UIDs allow us to identify various times and places for cognitive locations at a point in time.
This means UIDs aren't just organizing notes—they're creating addressable cognitive waypoints. When you reference 202510221031, you're not just pointing to a note. You're creating a breadcrumb back to a specific cognitive position in time and space—a point in your thinking that can be revisited, linked from, and used to reconstruct the chain of thought.
I'm particularly interested in exploring how UIDs enable what I'm calling "cognitive breadcrumbing"—the ability to trace chains of thought across time by marking cognitive locations with temporal precision. I'm approaching this from my work as a geopolitical intelligence and finance analyst.
Questions I'm wrestling with:
- How do temporal UIDs create different affordances than hierarchical systems?
- What makes a breadcrumb "active" rather than passive?
- Can we design trigger architectures that make being remindered inevitable rather than effortful?

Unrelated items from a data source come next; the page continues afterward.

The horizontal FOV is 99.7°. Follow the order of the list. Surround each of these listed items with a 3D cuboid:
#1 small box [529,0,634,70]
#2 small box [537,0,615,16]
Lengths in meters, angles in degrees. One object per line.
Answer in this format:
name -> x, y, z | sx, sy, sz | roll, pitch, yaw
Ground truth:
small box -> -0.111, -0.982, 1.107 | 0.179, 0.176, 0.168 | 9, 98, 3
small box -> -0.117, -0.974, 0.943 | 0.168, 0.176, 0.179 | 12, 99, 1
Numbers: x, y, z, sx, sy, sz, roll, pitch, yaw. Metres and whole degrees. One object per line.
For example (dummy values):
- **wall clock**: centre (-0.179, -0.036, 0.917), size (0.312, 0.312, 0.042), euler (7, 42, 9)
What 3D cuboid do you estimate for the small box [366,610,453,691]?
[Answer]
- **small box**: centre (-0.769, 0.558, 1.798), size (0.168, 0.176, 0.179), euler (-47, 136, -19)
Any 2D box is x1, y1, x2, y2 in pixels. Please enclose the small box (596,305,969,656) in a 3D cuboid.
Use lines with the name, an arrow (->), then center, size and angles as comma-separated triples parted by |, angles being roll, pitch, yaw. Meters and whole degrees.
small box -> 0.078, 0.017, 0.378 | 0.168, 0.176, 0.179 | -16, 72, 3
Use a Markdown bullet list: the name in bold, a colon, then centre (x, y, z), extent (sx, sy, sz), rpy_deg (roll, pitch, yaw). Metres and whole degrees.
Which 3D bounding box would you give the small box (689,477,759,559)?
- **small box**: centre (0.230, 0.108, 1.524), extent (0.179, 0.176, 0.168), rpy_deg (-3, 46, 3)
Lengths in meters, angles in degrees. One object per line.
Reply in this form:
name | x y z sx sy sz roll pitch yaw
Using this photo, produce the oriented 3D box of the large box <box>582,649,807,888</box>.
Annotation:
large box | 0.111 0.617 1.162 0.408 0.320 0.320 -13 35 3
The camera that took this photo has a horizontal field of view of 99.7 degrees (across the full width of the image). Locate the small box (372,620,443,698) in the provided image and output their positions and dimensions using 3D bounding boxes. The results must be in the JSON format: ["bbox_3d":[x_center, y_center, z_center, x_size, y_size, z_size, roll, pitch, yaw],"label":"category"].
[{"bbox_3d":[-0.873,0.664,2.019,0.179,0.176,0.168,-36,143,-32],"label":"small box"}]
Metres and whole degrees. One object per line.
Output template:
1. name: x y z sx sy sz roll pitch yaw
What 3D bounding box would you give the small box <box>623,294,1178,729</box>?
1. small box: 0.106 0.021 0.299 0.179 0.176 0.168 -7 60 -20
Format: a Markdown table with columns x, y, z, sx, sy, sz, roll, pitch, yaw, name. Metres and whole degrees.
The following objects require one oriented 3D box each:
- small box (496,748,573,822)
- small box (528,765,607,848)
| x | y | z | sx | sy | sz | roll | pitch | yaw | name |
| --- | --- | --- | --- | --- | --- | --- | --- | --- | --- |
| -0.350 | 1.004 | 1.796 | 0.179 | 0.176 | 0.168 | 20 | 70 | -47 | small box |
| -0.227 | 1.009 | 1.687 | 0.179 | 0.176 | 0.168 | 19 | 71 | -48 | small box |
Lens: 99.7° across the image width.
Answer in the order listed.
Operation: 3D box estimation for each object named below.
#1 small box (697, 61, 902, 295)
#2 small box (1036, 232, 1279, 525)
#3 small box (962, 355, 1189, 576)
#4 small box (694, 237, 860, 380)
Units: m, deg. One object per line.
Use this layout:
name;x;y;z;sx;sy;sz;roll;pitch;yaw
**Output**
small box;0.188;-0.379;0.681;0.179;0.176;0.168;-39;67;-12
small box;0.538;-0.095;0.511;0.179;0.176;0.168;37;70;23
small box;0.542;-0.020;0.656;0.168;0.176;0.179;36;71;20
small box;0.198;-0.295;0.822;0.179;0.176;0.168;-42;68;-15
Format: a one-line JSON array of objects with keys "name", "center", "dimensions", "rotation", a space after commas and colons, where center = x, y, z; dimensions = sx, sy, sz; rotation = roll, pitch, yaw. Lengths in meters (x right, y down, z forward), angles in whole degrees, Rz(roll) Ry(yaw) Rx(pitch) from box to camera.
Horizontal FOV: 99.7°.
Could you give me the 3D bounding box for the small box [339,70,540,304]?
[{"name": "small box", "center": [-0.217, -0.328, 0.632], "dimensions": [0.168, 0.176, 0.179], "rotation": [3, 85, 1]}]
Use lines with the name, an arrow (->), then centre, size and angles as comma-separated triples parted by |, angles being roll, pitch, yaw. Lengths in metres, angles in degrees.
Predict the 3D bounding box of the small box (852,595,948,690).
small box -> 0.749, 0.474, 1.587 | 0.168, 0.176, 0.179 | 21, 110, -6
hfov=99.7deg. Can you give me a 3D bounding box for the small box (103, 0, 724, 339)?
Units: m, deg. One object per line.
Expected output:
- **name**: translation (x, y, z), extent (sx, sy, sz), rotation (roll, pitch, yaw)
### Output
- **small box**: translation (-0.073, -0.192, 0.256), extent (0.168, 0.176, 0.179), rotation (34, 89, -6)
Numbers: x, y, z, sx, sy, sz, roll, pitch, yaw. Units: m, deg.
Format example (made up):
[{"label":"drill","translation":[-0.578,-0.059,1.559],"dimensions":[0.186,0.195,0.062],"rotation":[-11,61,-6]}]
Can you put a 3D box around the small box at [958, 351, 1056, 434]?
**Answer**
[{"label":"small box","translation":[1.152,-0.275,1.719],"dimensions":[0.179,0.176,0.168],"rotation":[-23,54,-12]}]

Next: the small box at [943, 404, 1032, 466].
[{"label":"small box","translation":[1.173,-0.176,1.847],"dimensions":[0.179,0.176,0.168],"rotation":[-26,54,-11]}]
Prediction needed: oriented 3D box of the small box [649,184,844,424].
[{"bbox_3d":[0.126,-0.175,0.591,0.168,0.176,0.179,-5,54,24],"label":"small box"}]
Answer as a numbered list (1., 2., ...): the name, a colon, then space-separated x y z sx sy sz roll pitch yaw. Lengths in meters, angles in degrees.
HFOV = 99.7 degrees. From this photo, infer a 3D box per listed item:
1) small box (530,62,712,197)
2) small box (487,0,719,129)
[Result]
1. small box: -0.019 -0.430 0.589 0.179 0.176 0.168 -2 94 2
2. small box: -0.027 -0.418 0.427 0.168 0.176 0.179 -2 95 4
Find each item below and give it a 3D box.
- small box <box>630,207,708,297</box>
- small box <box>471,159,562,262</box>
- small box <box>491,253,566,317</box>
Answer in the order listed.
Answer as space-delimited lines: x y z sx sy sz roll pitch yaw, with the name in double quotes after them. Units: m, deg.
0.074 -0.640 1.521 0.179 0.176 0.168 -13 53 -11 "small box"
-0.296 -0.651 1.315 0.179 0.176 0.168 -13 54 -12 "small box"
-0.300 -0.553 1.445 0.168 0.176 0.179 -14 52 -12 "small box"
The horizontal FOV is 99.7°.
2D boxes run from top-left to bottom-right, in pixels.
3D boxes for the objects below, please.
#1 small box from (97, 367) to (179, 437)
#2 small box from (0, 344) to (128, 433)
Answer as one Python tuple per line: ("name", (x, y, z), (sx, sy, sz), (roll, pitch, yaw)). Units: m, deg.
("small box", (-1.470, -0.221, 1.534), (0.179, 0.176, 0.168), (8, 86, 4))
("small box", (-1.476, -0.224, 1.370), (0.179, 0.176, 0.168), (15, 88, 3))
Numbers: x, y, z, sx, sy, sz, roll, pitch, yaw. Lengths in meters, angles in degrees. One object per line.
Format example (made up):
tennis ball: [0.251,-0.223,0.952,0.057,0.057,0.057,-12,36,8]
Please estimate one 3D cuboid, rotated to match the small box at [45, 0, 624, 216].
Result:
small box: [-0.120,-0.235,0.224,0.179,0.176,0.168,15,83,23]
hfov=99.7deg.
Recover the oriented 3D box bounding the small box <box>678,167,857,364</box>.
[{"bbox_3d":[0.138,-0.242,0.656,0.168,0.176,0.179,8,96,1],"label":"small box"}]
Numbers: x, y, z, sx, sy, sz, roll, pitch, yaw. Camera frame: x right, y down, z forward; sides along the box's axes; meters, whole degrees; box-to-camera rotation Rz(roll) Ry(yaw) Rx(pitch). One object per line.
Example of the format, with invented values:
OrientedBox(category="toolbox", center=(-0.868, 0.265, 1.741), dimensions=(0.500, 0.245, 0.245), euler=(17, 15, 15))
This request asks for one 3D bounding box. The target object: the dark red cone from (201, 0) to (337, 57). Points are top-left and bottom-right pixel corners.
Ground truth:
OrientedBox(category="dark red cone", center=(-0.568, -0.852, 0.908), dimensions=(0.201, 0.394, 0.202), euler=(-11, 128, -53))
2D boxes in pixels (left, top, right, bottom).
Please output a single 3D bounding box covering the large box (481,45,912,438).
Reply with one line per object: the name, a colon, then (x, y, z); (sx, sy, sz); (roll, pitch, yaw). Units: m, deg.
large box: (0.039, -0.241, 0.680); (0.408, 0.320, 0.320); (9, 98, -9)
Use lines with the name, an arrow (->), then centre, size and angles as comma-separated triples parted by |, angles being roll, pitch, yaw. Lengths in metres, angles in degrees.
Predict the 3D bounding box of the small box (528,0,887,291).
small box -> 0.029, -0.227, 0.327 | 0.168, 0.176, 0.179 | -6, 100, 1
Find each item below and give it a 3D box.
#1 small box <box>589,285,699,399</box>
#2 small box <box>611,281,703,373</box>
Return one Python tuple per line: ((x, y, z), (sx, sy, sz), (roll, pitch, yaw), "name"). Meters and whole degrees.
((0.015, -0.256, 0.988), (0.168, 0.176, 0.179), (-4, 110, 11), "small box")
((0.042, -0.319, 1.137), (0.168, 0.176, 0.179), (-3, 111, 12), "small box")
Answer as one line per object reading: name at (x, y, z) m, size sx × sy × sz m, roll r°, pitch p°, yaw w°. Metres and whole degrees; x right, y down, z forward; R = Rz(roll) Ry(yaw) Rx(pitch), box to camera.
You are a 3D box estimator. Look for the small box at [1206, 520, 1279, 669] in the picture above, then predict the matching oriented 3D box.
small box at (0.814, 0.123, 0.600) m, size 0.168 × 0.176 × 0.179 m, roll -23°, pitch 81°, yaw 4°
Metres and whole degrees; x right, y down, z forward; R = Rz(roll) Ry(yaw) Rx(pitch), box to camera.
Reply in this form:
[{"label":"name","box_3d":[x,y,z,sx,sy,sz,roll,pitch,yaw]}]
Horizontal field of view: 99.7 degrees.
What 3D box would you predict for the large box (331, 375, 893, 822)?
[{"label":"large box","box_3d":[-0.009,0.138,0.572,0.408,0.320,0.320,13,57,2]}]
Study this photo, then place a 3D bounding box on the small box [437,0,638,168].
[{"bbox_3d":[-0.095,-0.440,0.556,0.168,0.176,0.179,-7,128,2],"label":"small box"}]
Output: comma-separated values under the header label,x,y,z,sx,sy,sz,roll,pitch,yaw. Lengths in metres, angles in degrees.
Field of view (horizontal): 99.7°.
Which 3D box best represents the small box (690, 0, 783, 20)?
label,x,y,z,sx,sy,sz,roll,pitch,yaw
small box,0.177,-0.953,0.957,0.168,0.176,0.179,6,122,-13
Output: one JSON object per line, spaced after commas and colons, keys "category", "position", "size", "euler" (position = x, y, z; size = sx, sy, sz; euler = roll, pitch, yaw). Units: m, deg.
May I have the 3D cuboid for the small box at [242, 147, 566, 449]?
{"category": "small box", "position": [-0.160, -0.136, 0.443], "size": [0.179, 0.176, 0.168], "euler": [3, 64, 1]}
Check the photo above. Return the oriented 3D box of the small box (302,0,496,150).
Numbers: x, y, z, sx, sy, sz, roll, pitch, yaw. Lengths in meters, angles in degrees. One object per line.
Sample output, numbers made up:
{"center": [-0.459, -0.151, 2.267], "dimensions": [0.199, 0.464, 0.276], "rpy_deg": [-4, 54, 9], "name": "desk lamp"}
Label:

- How does this relate to Luhmann's concept of finding "your way there and back, somehow"?
The power of UIDs as cognitive coordinate systems is profound, and I am just now scratching the surface of my awaress of it and its applications. I know this community understands the power of structural identifiers better than anywhere else.
As we decide more tools for thinking, I'm blown away thus far by the power of AI combined with UIDs in my existing zettelkasten structure.
Thoughts?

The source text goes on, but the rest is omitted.